One of these consuls, Gnaeus Pompeius, better known as Pompey, already a successful general, went on to obtain commands and win wars in the seventies and sixties which conferred on him exceptional personal prestige, or auctoritas (‘authority’) in Roman parlance. One of these commands tackled the unfinished business of Mithradates, still at large. Pompey forced the king to take refuge on the other side of the Black Sea, in the Crimea. Pompey then marched his devoted army into Syria, where he deposed the last Seleucid king and turned the remnant of this once great empire into a Roman province, Syria. People in this part of the Mediterranean world were put in mind of an earlier conqueror from the west, as was Pompey himself.
In Copenhagen’s superbly housed collection of antiquities, the Ny Carlsberg Glyptotek, you can contemplate what must be one of the most peculiar products of Roman portraiture. By today’s standards this fine marble head of a jowly male in early middle age with thin lips and furrowed brow does not demand admiration for its subject’s good looks. The enviably full head of
hair is another matter, not least the artfully rendered quiff of lustrous locks.
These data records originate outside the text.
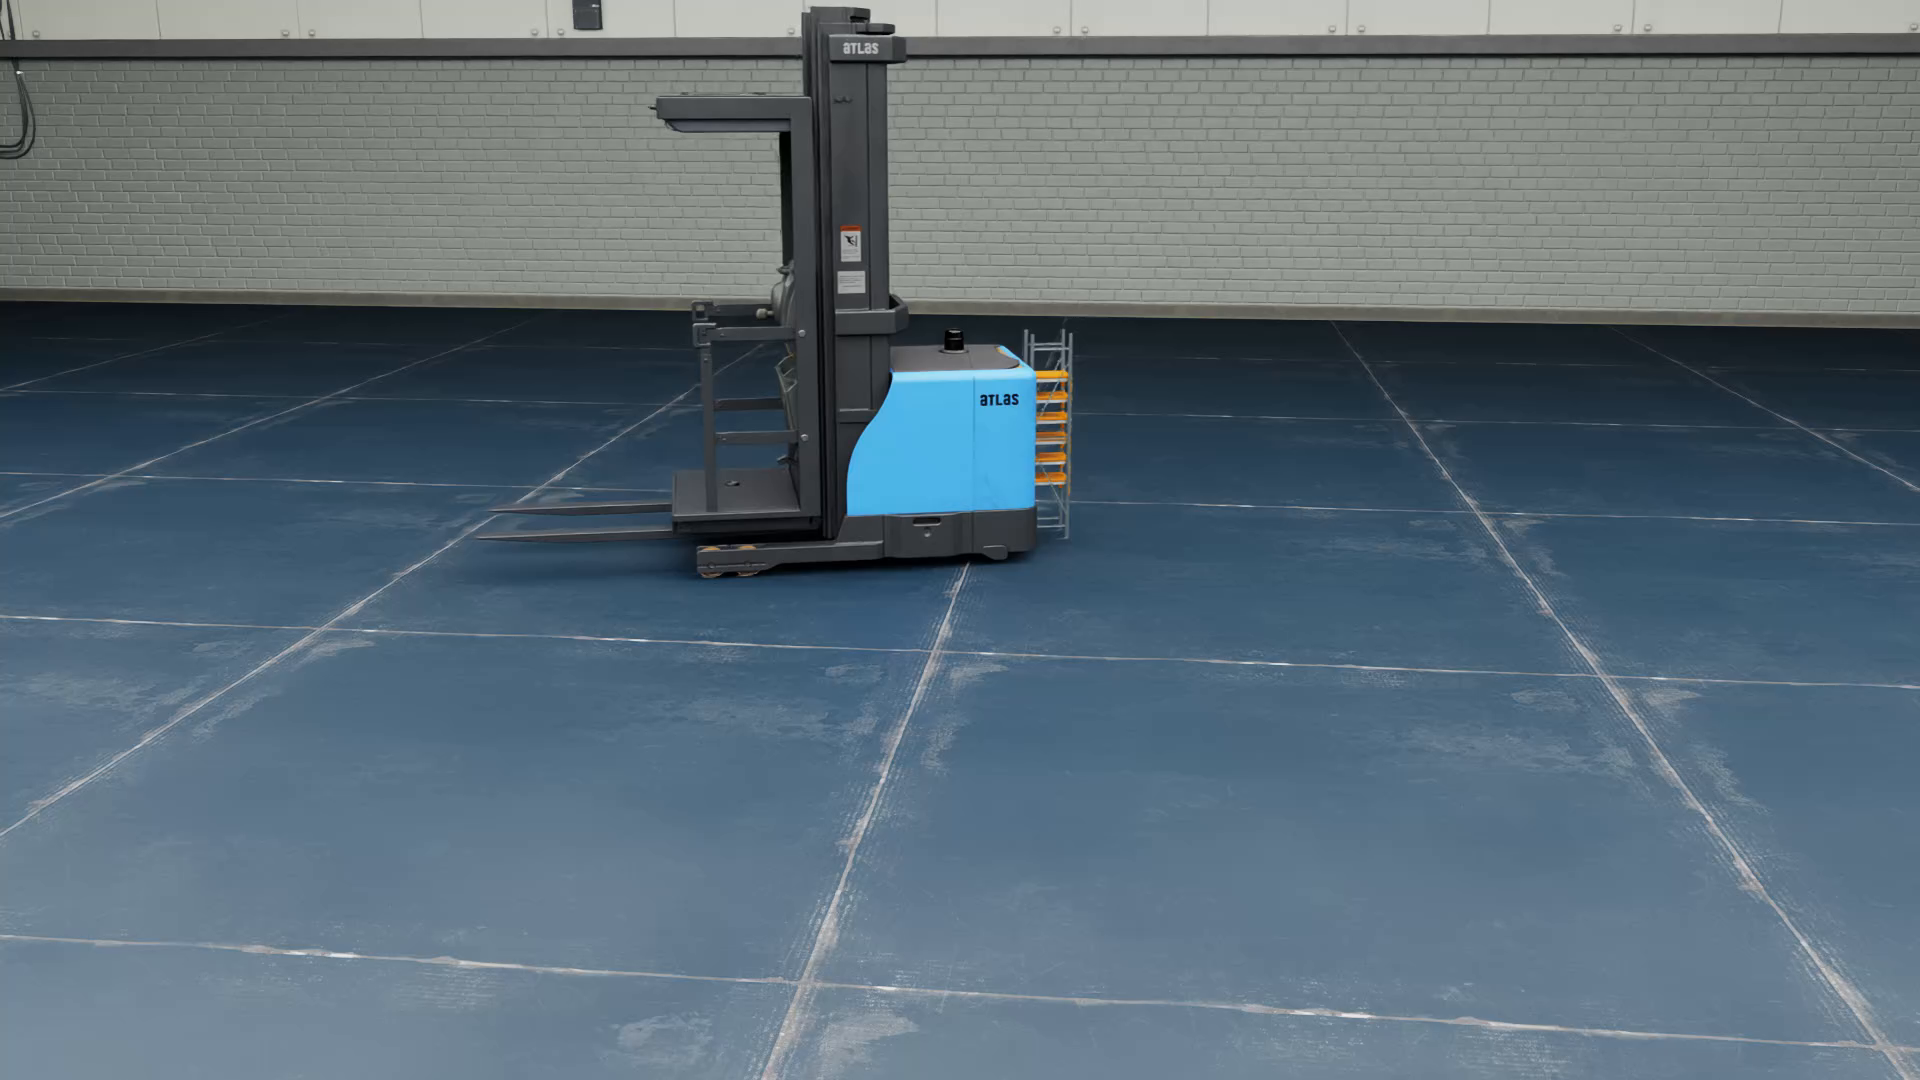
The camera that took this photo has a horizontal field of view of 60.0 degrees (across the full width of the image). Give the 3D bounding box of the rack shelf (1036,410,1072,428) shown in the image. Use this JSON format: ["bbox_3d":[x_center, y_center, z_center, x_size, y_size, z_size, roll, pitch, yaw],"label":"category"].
[{"bbox_3d":[0.500,-0.677,9.575,0.258,0.103,0.180,-2,15,-9],"label":"rack shelf"}]

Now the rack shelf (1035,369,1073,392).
[{"bbox_3d":[0.500,-0.908,9.513,0.258,0.103,0.180,-2,15,-9],"label":"rack shelf"}]

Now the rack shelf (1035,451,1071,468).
[{"bbox_3d":[0.499,-0.445,9.638,0.258,0.103,0.180,-2,15,-9],"label":"rack shelf"}]

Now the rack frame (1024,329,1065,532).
[{"bbox_3d":[0.485,-0.627,9.682,0.240,1.200,0.006,-2,15,-9],"label":"rack frame"}]

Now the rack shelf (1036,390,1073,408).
[{"bbox_3d":[0.500,-0.792,9.544,0.258,0.103,0.180,-2,15,-9],"label":"rack shelf"}]

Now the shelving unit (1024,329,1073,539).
[{"bbox_3d":[0.500,-0.604,9.595,0.258,1.200,0.189,-2,15,-9],"label":"shelving unit"}]

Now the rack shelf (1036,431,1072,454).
[{"bbox_3d":[0.500,-0.561,9.606,0.258,0.103,0.180,-2,15,-9],"label":"rack shelf"}]

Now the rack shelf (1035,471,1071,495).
[{"bbox_3d":[0.499,-0.329,9.669,0.258,0.103,0.180,-2,15,-9],"label":"rack shelf"}]

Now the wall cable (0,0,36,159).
[{"bbox_3d":[-12.679,-5.837,19.956,3.097,2.526,0.112,2,15,6],"label":"wall cable"}]

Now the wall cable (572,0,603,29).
[{"bbox_3d":[-3.248,-8.693,18.057,2.305,6.003,0.169,2,15,6],"label":"wall cable"}]

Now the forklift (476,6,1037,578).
[{"bbox_3d":[-1.136,-1.359,9.072,3.031,2.935,1.130,-2,15,-9],"label":"forklift"}]

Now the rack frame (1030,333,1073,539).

The subject is Pompey, of whom his ancient biographer, Plutarch, wrote:
His hair was inclined to lift itself slightly from his forehead, and this, with a graceful contour of face about the eyes, produced a resemblance, more talked about than actually apparent, to the portrait statues of King Alexander. Wherefore, since many also applied the name to him in his earlier years, Pompey did not decline it.
Pompey liked the comparison. He was certainly a warlord, in the sense that his military successes had given him an individual autonomy within a weak state. But he did not want the kingly position to which warlords in history sometimes aspire. A rival warlord, however, had different ideas.
Gaius Julius Caesar, the elder of the two men, came from the hard-up lesser branch of an old patrician family. Like Pompey when it suited him, he used populist methods to obtain personal advancement. To this end, the two men for a while were political allies, sealing the deal by intermarriage, like a pair of Hellenistic kings. Conservative aristocrats sought to obstruct this alliance. The religious scrupulosity of Marcus Calpurnius Bibulus, Caesar’s colleague in the consulship of 59 BC, comes in here.
Using a tribune of the people to push through the legislation, Caesar now got what he wanted, the opportunity for military glory in the west on a scale to match Pompey’s in the east.
All Gaul is divided into three parts, one of which the Belgae inhabit, the Aquitani another, those who in their own language are called Celts, in ours Gauls, the third. All these differ from each other in language, customs and laws.
These are the opening words of one of the set books when I sat the pre-university Latin exam at school in England. Exam setters like the plain style of the Latin, which pitches the difficulty at about the right level. The author is Caesar. Using the third person to depersonalize his writing, he gave here his version of his achievements during this Gallic command.